:: Task requirements ::
For any picture in the lines below, please leave it out and copy the rest exactly.

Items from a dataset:
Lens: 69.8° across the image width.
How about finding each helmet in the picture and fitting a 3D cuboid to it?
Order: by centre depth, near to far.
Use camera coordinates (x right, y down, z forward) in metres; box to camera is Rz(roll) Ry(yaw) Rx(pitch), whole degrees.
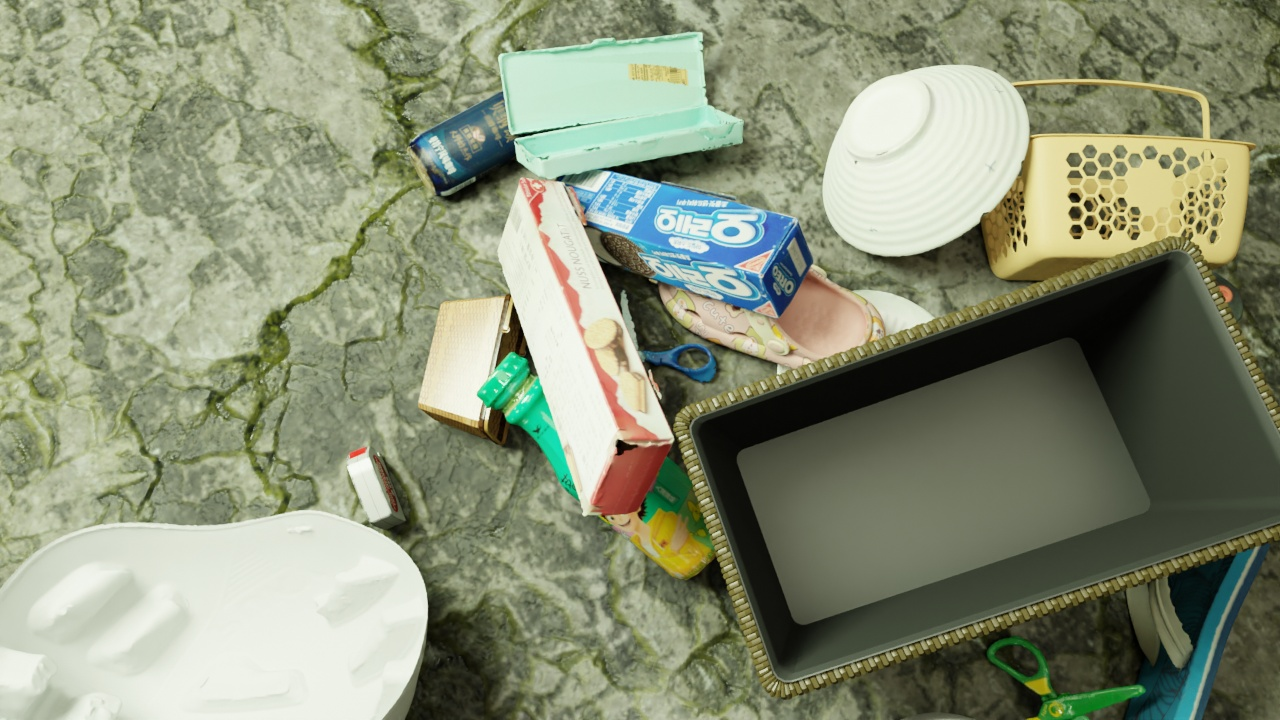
[{"bbox_3d":[-0.271,0.202,0.592,0.282,0.184,0.223,-17,40,6],"label":"helmet"}]

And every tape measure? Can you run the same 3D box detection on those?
[{"bbox_3d":[-0.204,0.098,0.701,0.020,0.062,0.060,-22,79,-8],"label":"tape measure"}]

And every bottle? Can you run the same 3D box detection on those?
[{"bbox_3d":[-0.028,0.075,0.683,0.209,0.068,0.068,40,76,-8],"label":"bottle"},{"bbox_3d":[-0.120,-0.199,0.792,0.160,0.056,0.056,-31,77,-11],"label":"bottle"}]

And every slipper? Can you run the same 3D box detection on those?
[{"bbox_3d":[0.395,0.174,0.678,0.060,0.118,0.294,22,81,16],"label":"slipper"},{"bbox_3d":[0.102,-0.051,0.735,0.197,0.081,0.093,28,76,15],"label":"slipper"}]

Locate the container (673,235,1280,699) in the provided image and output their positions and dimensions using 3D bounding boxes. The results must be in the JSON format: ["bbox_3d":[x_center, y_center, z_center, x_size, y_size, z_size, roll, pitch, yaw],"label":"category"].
[{"bbox_3d":[0.209,0.078,0.619,0.321,0.205,0.176,-20,77,4],"label":"container"}]

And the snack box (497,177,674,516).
[{"bbox_3d":[-0.046,-0.021,0.645,0.044,0.077,0.272,2,42,-26],"label":"snack box"}]

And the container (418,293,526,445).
[{"bbox_3d":[-0.132,0.005,0.732,0.061,0.063,0.113,7,74,8],"label":"container"}]

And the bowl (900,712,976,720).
[{"bbox_3d":[0.214,0.318,0.649,0.132,0.064,0.131,0,75,-1],"label":"bowl"}]

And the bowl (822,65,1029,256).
[{"bbox_3d":[0.211,-0.178,0.738,0.178,0.071,0.177,-21,56,34],"label":"bowl"}]

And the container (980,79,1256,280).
[{"bbox_3d":[0.386,-0.154,0.760,0.183,0.129,0.167,2,83,-1],"label":"container"}]

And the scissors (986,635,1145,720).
[{"bbox_3d":[0.297,0.259,0.663,0.128,0.012,0.121,35,96,48],"label":"scissors"}]

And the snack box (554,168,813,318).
[{"bbox_3d":[0.021,-0.098,0.716,0.227,0.059,0.059,21,70,35],"label":"snack box"}]

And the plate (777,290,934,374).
[{"bbox_3d":[0.190,0.017,0.762,0.157,0.014,0.156,0,74,-2],"label":"plate"}]

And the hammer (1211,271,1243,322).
[{"bbox_3d":[0.385,0.042,0.755,0.332,0.033,0.133,-40,78,-13],"label":"hammer"}]

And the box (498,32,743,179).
[{"bbox_3d":[-0.014,-0.215,0.763,0.187,0.078,0.110,-13,102,-21],"label":"box"}]

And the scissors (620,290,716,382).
[{"bbox_3d":[0.003,-0.001,0.763,0.129,0.014,0.127,-11,71,-1],"label":"scissors"}]

:: Answer for the task ::
Lens: 69.8° across the image width.
How about finding each helmet in the picture and fitting a 3D cuboid to it?
Order: by centre depth, near to far.
Use camera coordinates (x right, y down, z forward) in metres; box to camera is Rz(roll) Ry(yaw) Rx(pitch), whole degrees.
[{"bbox_3d":[-0.271,0.202,0.592,0.282,0.184,0.223,-17,40,6],"label":"helmet"}]

And every tape measure? Can you run the same 3D box detection on those?
[{"bbox_3d":[-0.204,0.098,0.701,0.020,0.062,0.060,-22,79,-8],"label":"tape measure"}]

And every bottle? Can you run the same 3D box detection on those?
[{"bbox_3d":[-0.028,0.075,0.683,0.209,0.068,0.068,40,76,-8],"label":"bottle"},{"bbox_3d":[-0.120,-0.199,0.792,0.160,0.056,0.056,-31,77,-11],"label":"bottle"}]

And every slipper? Can you run the same 3D box detection on those?
[{"bbox_3d":[0.395,0.174,0.678,0.060,0.118,0.294,22,81,16],"label":"slipper"},{"bbox_3d":[0.102,-0.051,0.735,0.197,0.081,0.093,28,76,15],"label":"slipper"}]

Locate the container (673,235,1280,699) in the provided image and output their positions and dimensions using 3D bounding boxes. The results must be in the JSON format: ["bbox_3d":[x_center, y_center, z_center, x_size, y_size, z_size, roll, pitch, yaw],"label":"category"].
[{"bbox_3d":[0.209,0.078,0.619,0.321,0.205,0.176,-20,77,4],"label":"container"}]

And the snack box (497,177,674,516).
[{"bbox_3d":[-0.046,-0.021,0.645,0.044,0.077,0.272,2,42,-26],"label":"snack box"}]

And the container (418,293,526,445).
[{"bbox_3d":[-0.132,0.005,0.732,0.061,0.063,0.113,7,74,8],"label":"container"}]

And the bowl (900,712,976,720).
[{"bbox_3d":[0.214,0.318,0.649,0.132,0.064,0.131,0,75,-1],"label":"bowl"}]

And the bowl (822,65,1029,256).
[{"bbox_3d":[0.211,-0.178,0.738,0.178,0.071,0.177,-21,56,34],"label":"bowl"}]

And the container (980,79,1256,280).
[{"bbox_3d":[0.386,-0.154,0.760,0.183,0.129,0.167,2,83,-1],"label":"container"}]

And the scissors (986,635,1145,720).
[{"bbox_3d":[0.297,0.259,0.663,0.128,0.012,0.121,35,96,48],"label":"scissors"}]

And the snack box (554,168,813,318).
[{"bbox_3d":[0.021,-0.098,0.716,0.227,0.059,0.059,21,70,35],"label":"snack box"}]

And the plate (777,290,934,374).
[{"bbox_3d":[0.190,0.017,0.762,0.157,0.014,0.156,0,74,-2],"label":"plate"}]

And the hammer (1211,271,1243,322).
[{"bbox_3d":[0.385,0.042,0.755,0.332,0.033,0.133,-40,78,-13],"label":"hammer"}]

And the box (498,32,743,179).
[{"bbox_3d":[-0.014,-0.215,0.763,0.187,0.078,0.110,-13,102,-21],"label":"box"}]

And the scissors (620,290,716,382).
[{"bbox_3d":[0.003,-0.001,0.763,0.129,0.014,0.127,-11,71,-1],"label":"scissors"}]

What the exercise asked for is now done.